As you write out the lines from the one containing "- **stapler**: position" through the last line of the records, keep them exact and leave out pictures.

Data items

»»

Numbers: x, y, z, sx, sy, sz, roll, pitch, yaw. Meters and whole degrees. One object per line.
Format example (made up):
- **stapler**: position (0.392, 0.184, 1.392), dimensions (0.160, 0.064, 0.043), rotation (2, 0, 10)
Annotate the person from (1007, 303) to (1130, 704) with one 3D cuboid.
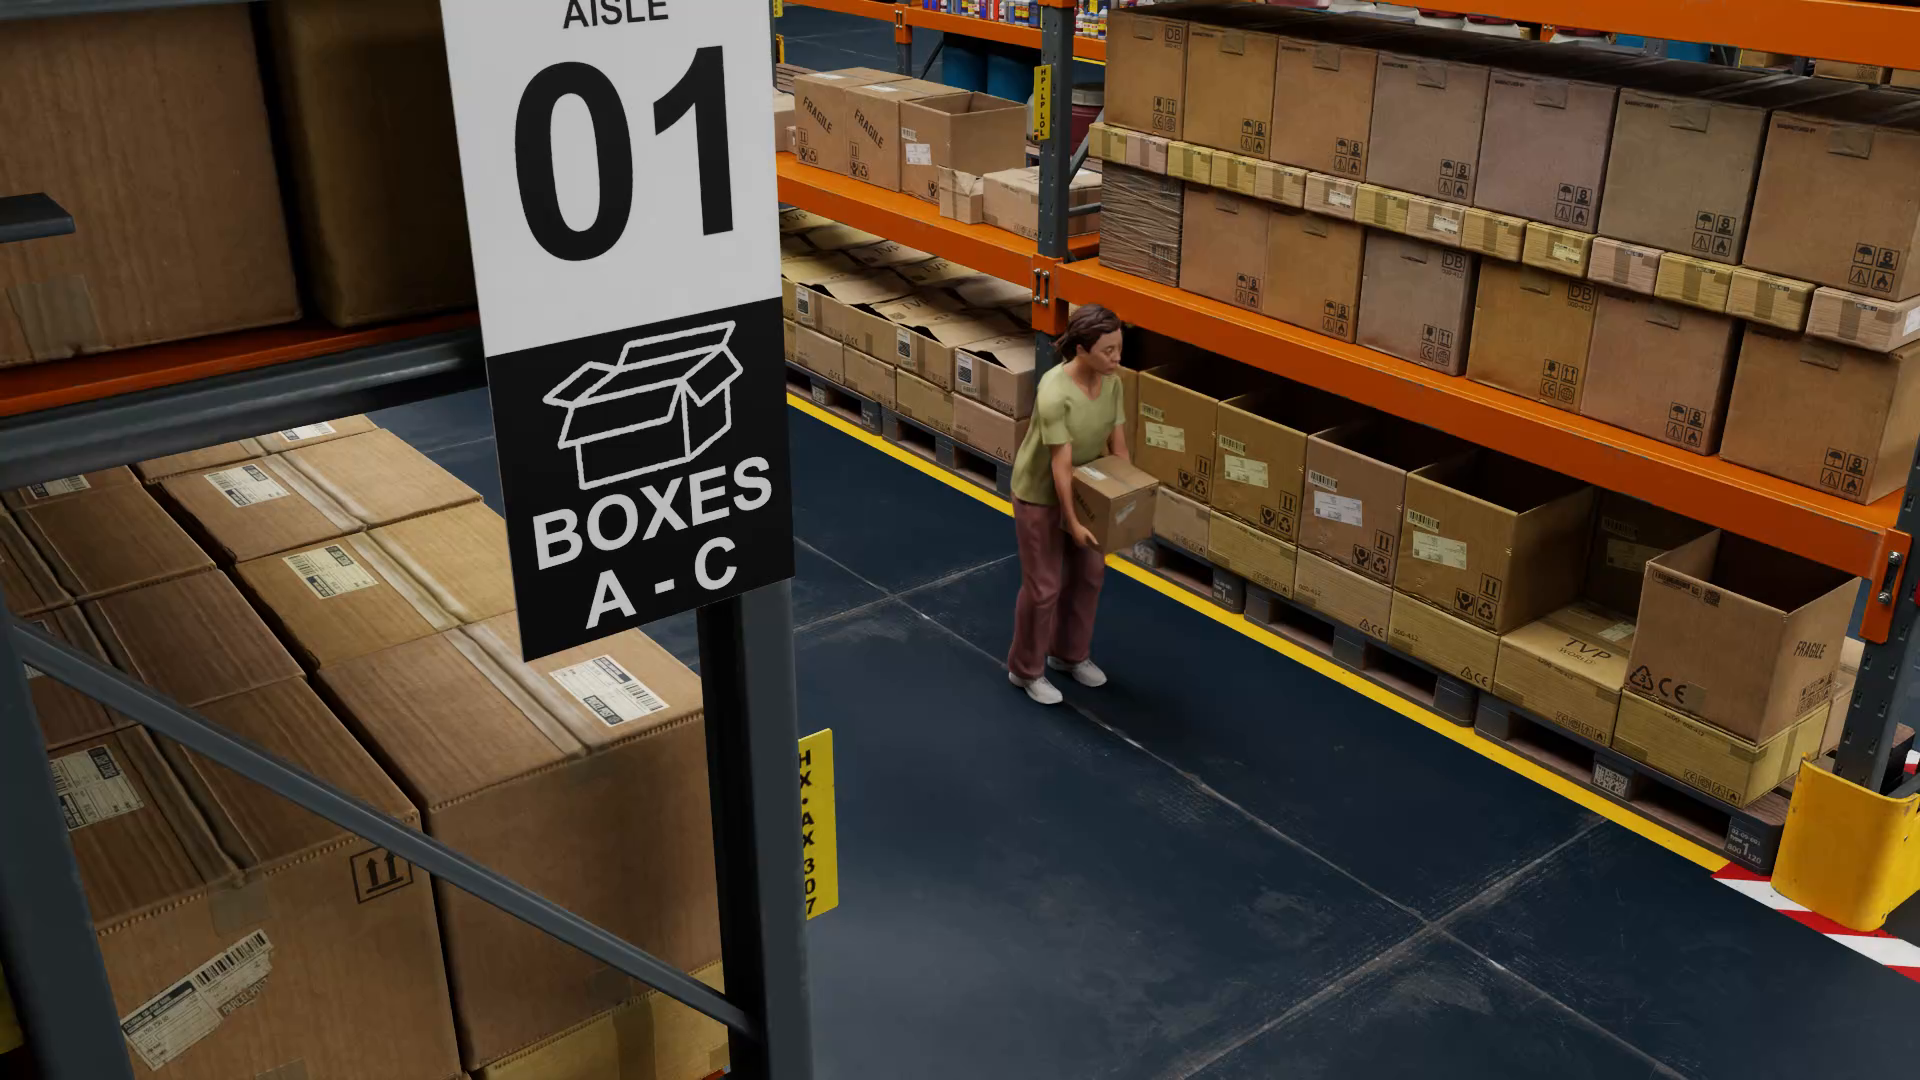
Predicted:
- **person**: position (0.453, -0.131, 6.437), dimensions (0.406, 1.643, 0.529), rotation (-19, 31, -35)

««

▸ Output
- **stapler**: position (0.392, 0.184, 1.392), dimensions (0.160, 0.064, 0.043), rotation (2, 0, 10)
Annotate the person from (1007, 303) to (1130, 704) with one 3D cuboid.
Predicted:
- **person**: position (0.453, -0.131, 6.437), dimensions (0.406, 1.643, 0.529), rotation (-19, 31, -35)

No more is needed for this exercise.